HORSLEY: During his flight to Paris this week, Trump complained the U.S. has become a dumping ground for imported steel, and he vowed to put a stop to it by imposing quotas, tariffs or both. That would be a welcome move for the steelworkers that Scott Paul represents.
PAUL: If the president is true to his word, the relief will be robust.
HORSLEY: But that's a big if. The president's push for new limits on steel imports is reportedly being hotly debated within the White House itself.
DOUG HOLTZ-EAKIN: Any decision made by the president of the United States is a hard decision. The easy ones don't get to the president.
HORSLEY: That's Doug Holtz-Eakin, a former White House economist who now leads a conservative advocacy group called the American Action Forum. He drafted a letter to the president opposing a crackdown on imported steel, and he got 15 economists who served both Republican and Democratic presidents to sign on.
HOLTZ-EAKIN: People say economists can't agree on anything. And this is a bipartisan agreement on a very simple question. So it was nice to see.
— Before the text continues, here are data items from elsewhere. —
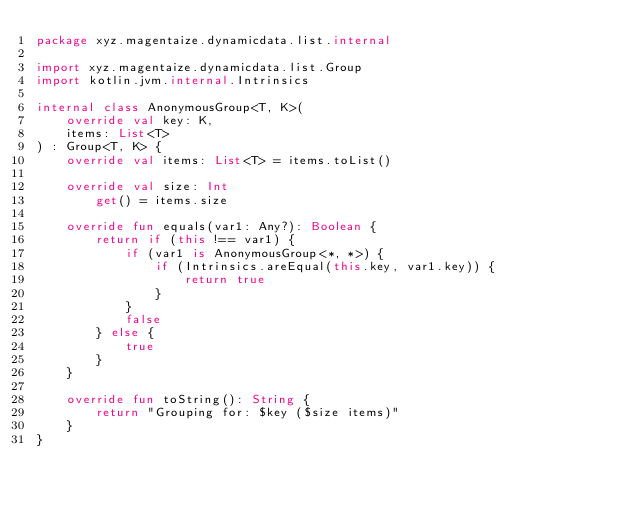<code> <loc_0><loc_0><loc_500><loc_500><_Kotlin_>package xyz.magentaize.dynamicdata.list.internal

import xyz.magentaize.dynamicdata.list.Group
import kotlin.jvm.internal.Intrinsics

internal class AnonymousGroup<T, K>(
    override val key: K,
    items: List<T>
) : Group<T, K> {
    override val items: List<T> = items.toList()

    override val size: Int
        get() = items.size

    override fun equals(var1: Any?): Boolean {
        return if (this !== var1) {
            if (var1 is AnonymousGroup<*, *>) {
                if (Intrinsics.areEqual(this.key, var1.key)) {
                    return true
                }
            }
            false
        } else {
            true
        }
    }

    override fun toString(): String {
        return "Grouping for: $key ($size items)"
    }
}
</code> 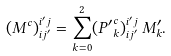<formula> <loc_0><loc_0><loc_500><loc_500>( M ^ { c } ) _ { i j ^ { \prime } } ^ { i ^ { \prime } j } = \sum _ { k = 0 } ^ { 2 } ( { P ^ { \prime } } _ { k } ^ { c } ) _ { i j ^ { \prime } } ^ { i ^ { \prime } j } \, M _ { k } ^ { \prime } .</formula> 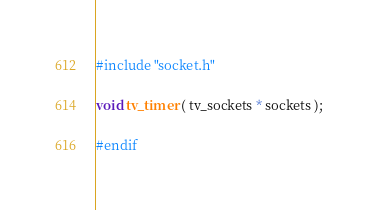Convert code to text. <code><loc_0><loc_0><loc_500><loc_500><_C_>
#include "socket.h"

void tv_timer ( tv_sockets * sockets );

#endif
</code> 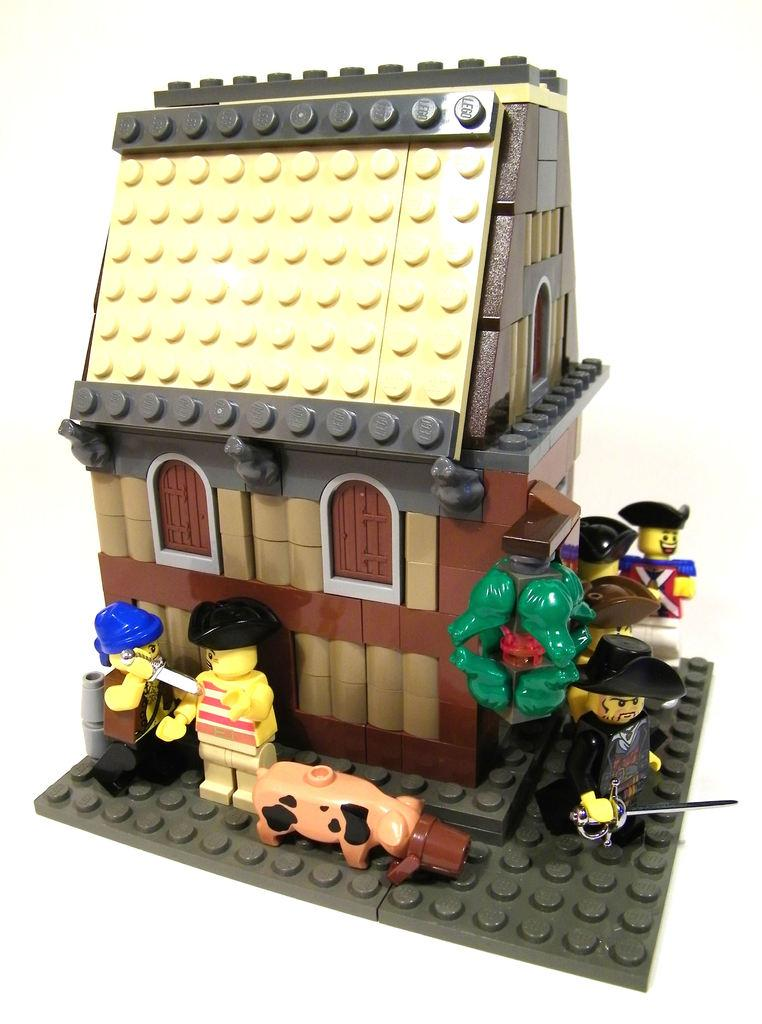What type of structure is depicted in the image? There is a toy house in the image. How was the toy house constructed? The toy house is built with building blocks. What type of corn is growing in the image? There is no corn present in the image; it features a toy house built with building blocks. What month is depicted on the calendar in the image? There is no calendar present in the image. 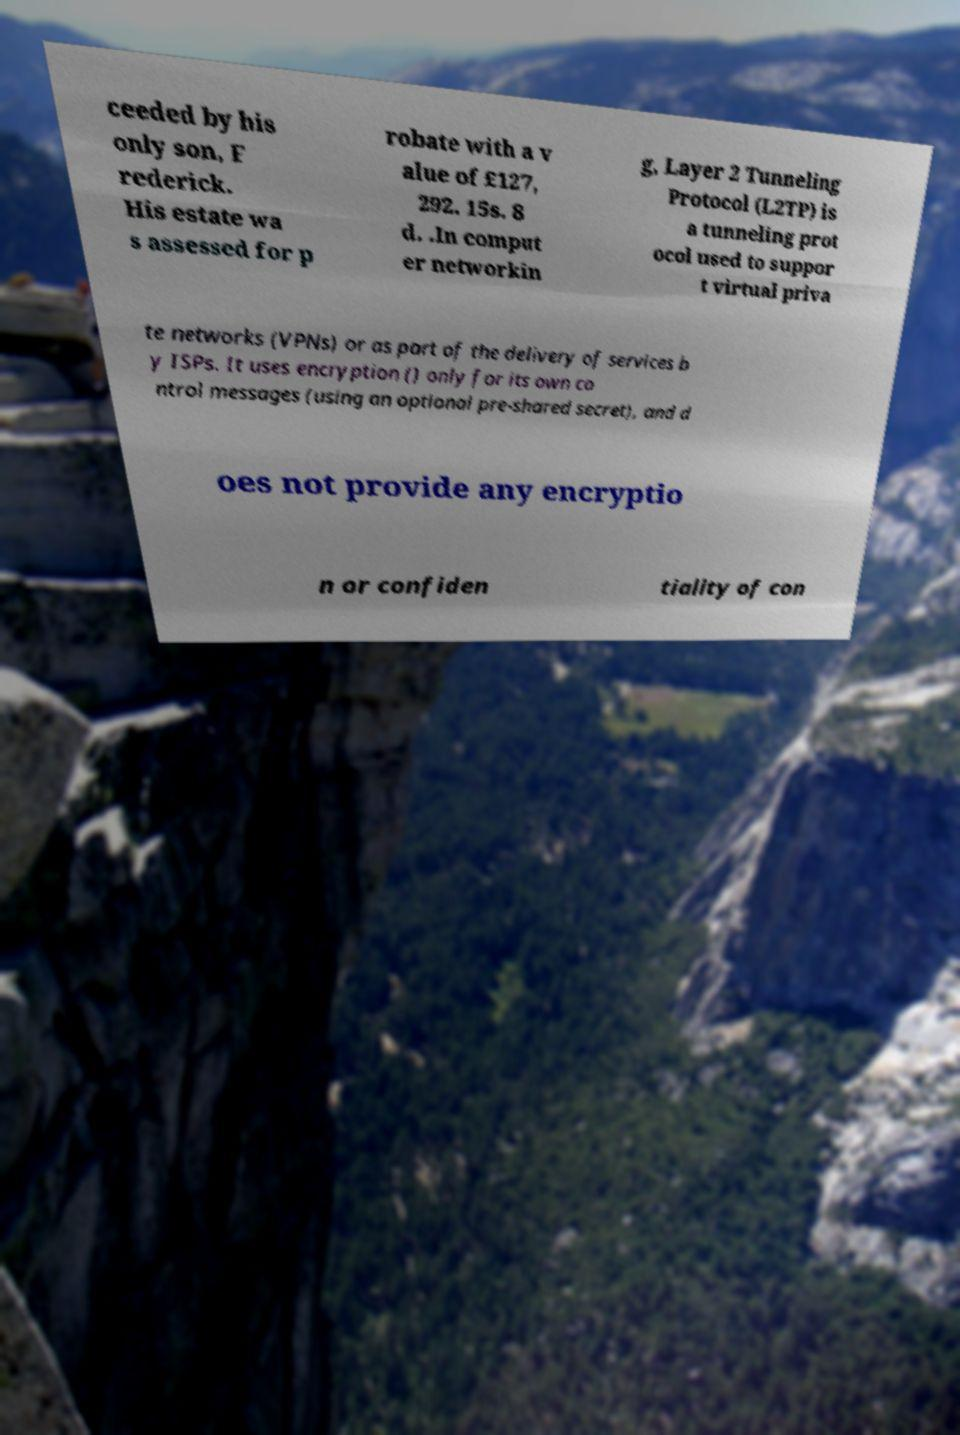What messages or text are displayed in this image? I need them in a readable, typed format. ceeded by his only son, F rederick. His estate wa s assessed for p robate with a v alue of £127, 292. 15s. 8 d. .In comput er networkin g, Layer 2 Tunneling Protocol (L2TP) is a tunneling prot ocol used to suppor t virtual priva te networks (VPNs) or as part of the delivery of services b y ISPs. It uses encryption () only for its own co ntrol messages (using an optional pre-shared secret), and d oes not provide any encryptio n or confiden tiality of con

HORSLEY: Holtz-Eakin says while slapping tariffs or quotas on imported steel might help American steelmakers, it would hurt the U.S. companies that use steel and their customers. The import limits would hit not only China but other big suppliers such as Canada, Mexico and South Korea. And many other countries would likely retaliate with restrictions of their own on U.S. exports.
HOLTZ-EAKIN: Europeans have already singled out where they will retaliate, and people know about it. So there are already constituencies in the U.S. who are worried they'll get caught in the crossfire of this decision.
HORSLEY: U.S. dairy products, orange juice and Kentucky bourbon could all be targets in such a trade war. But Scott Paul says there's also a political calculation as the White House weighs how to deliver for the downtrodden workers who helped put Trump in the White House.
PAUL: We saw a lot of this pain borne out over the last election cycle in these small mill towns that dot our country's landscape in states like Pennsylvania and Ohio. And it's more than a steelworker's job. It becomes about the community and the social fabric, and it had a direct bearing on our politics.
HORSLEY: Thus far, the president has talked more about protectionist measures than he's actually done. His decision on steel imports when it comes will help show whether that's changing. Scott Horsley, NPR News, Washington.